Select the symmetry transformation's properties page:

General
Orbital / IFS / Strange Attractor
Symmetry Transformation: Hyperbolic Tiling - Orbital
Properties

The border of the Poincare disk represents infinity with respect to the hyperbolic plane. As the tiling approaches the disk border, the polygons get smaller and smaller. The Epsilon value determines how close to get to the Poincare disk border when generating polygons. Smaller values of Epsilon close the gap between the disk image and the true border, resulting in a smoother edge on the disk. However, this also results in many more polygons near the border which can greatly increase processing time. I recommend using an Epsilon of 0.01 for experimentation and then reducing the Epsilon to 0.001 for images you want to save.

## Hyperbolic Tiling - Orbital

The Hyperbolic Tiling - Orbital symmetry transformation replicates a base fractal over the hyperbolic plane represented by the Poincare disk in such a way as to form a hyperbolic tiling pattern. The Poincare disk is a model for hyperbolic geometry that maps the hyperbolic plane onto the unit disk. The Hyperbolic Tiling - Orbital symmetry transformation has options to control the tiling. The most important of these are the Hyperbolic Tiling Options named p and q. A [p,q] regular tiling of the hyperbolic plane maps a hyperbolic polygon with p sides over the hyperbolic plane such that q polygons meet at each polygon vertex. For example, a [4,5] regular tiling maps 4 sided polygons onto the hyperbolic plane such that 5 polygons meet at each polygon vertex. A regular tiling of the hyperbolic plane exists if and only if (p-2)*(q-2) > 4. So, for example, a [4,5] tiling is possible but a [4,4] tiling is not.

The Hyperbolic Tiling - Orbital symmetry transformation requires the base fractal to have N-way rotational symmetry, where N = p/Math.GCD(p,q). The Math.GCD function returns the greatest common divisor of the given arguments. If the fractal does not have N-way rotational symmetry, it is injected into the fractal automatically by the symmetry transformation. The following table gives a few examples:

 p q GCD(p,q) N = p/GCD(p,q) 3 7 1 3 3 8 1 3 4 5 1 4 4 6 2 2 4 7 1 4 4 8 4 1 5 4 1 5 5 5 5 1 5 6 1 5 5 7 1 5 5 8 1 5 6 4 2 3 6 5 1 6 6 6 6 1 6 7 1 6 6 8 2 3 7 3 1 7 7 4 1 7 7 5 1 7 7 6 1 7 7 7 7 1 7 8 1 7

Normally, the entire fractal is replicated over the hyperbolic plane to generate the tiling. However, if you check Restrict Domain, the fractal is clipped to the central polygon of the tiling and only the part of the fractal inside the central polygon is used to tile the plane. If you check Restrict Domain, the places where the fractal intersects an edge of the central polygon should be symmetric about the edge midpoint since the polygon is rotated 180 degrees about each edge's midpoint to generate the tiling. This requirement can be ignored if you select the Reflect option which reflects about each edge rather than rotating about each edge midpoint.

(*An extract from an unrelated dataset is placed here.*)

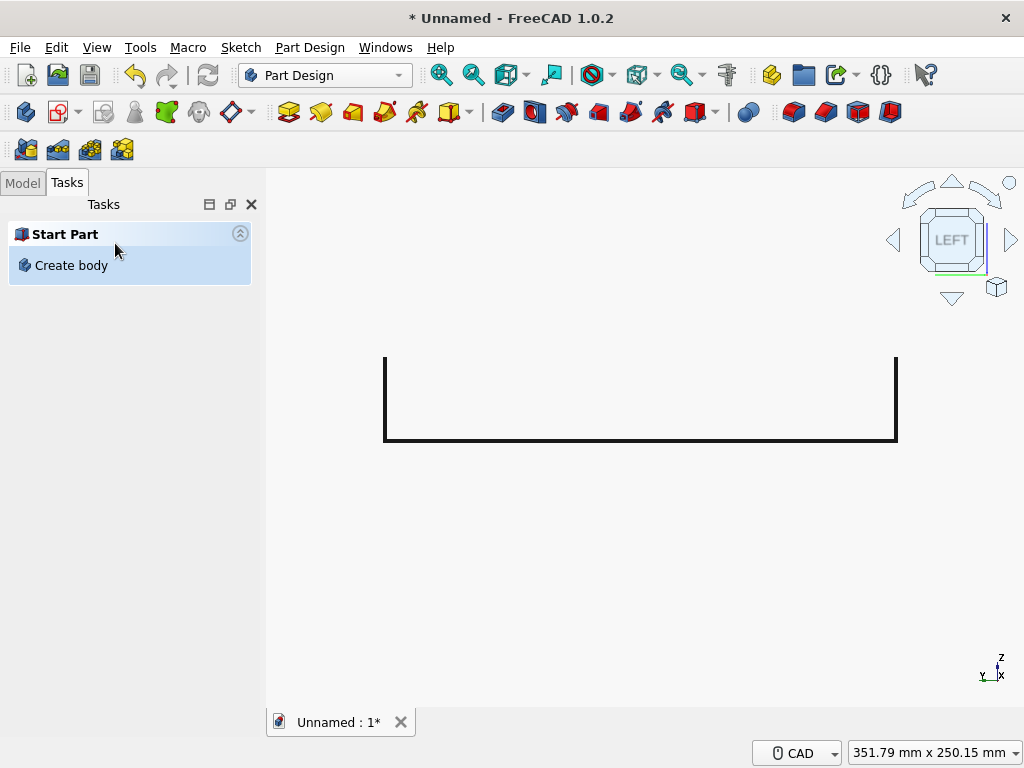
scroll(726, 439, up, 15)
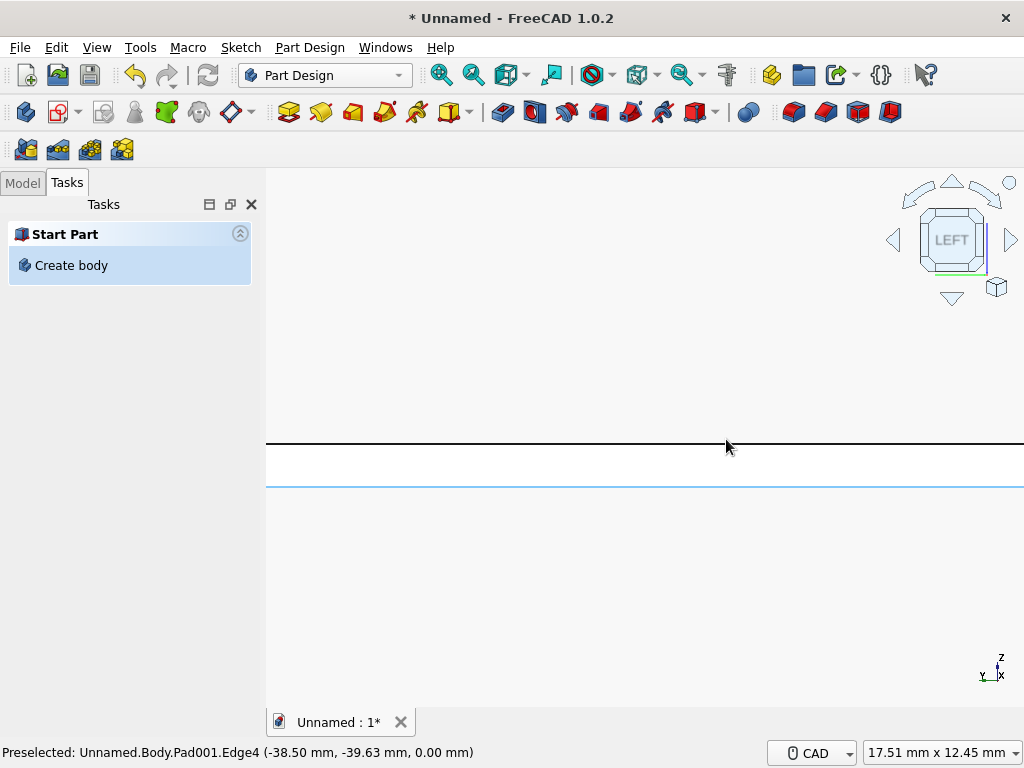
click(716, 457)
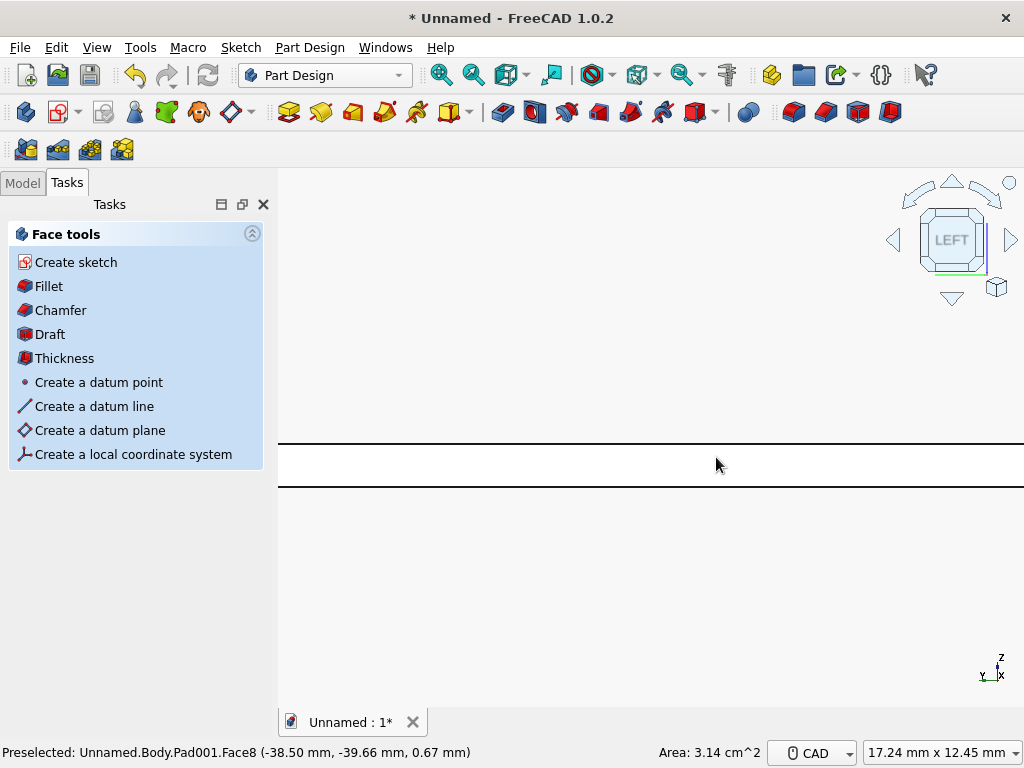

The Order and Dihedral options in the section labeled Hyperbolic Tiling Attractor Symmetry Options can be used to inject additional rotational or dihedral symmetry (i.e., reflective symmetry about the X axis) into the attractor, if desired. Also, if the attractor exhibits rotational symmetry with an order higher than N or has dihedral symmetry, you can set these options to match the attractor symmetry to improve the efficiency of the fractal generation.

The Shape option can be set to Disk, Strip, or Ring. The Disk setting is the default and results in a [p,q] regular tiling of the hyperbolic plane mapped to the unit disk. The Strip and Ring settings cause additional transformations to be applied that change the resulting shape. Each of these settings enable the Order option that controls the complexity of the shape. For the mathematical basis for these settings (and more), see the pages Conformal Models of the Hyperbolic Geometry and Artistic Models of the Hyperbolic Geometry by Vladimir Bulatov.

The Show Inversion option, if checked, applies a circle inversion transformation to the disk to display the tiling outside the disk as well. The Weight option controls the weight assigned to points generated outside the disk and the Separation option controls the gap between the inside and outside of the disk.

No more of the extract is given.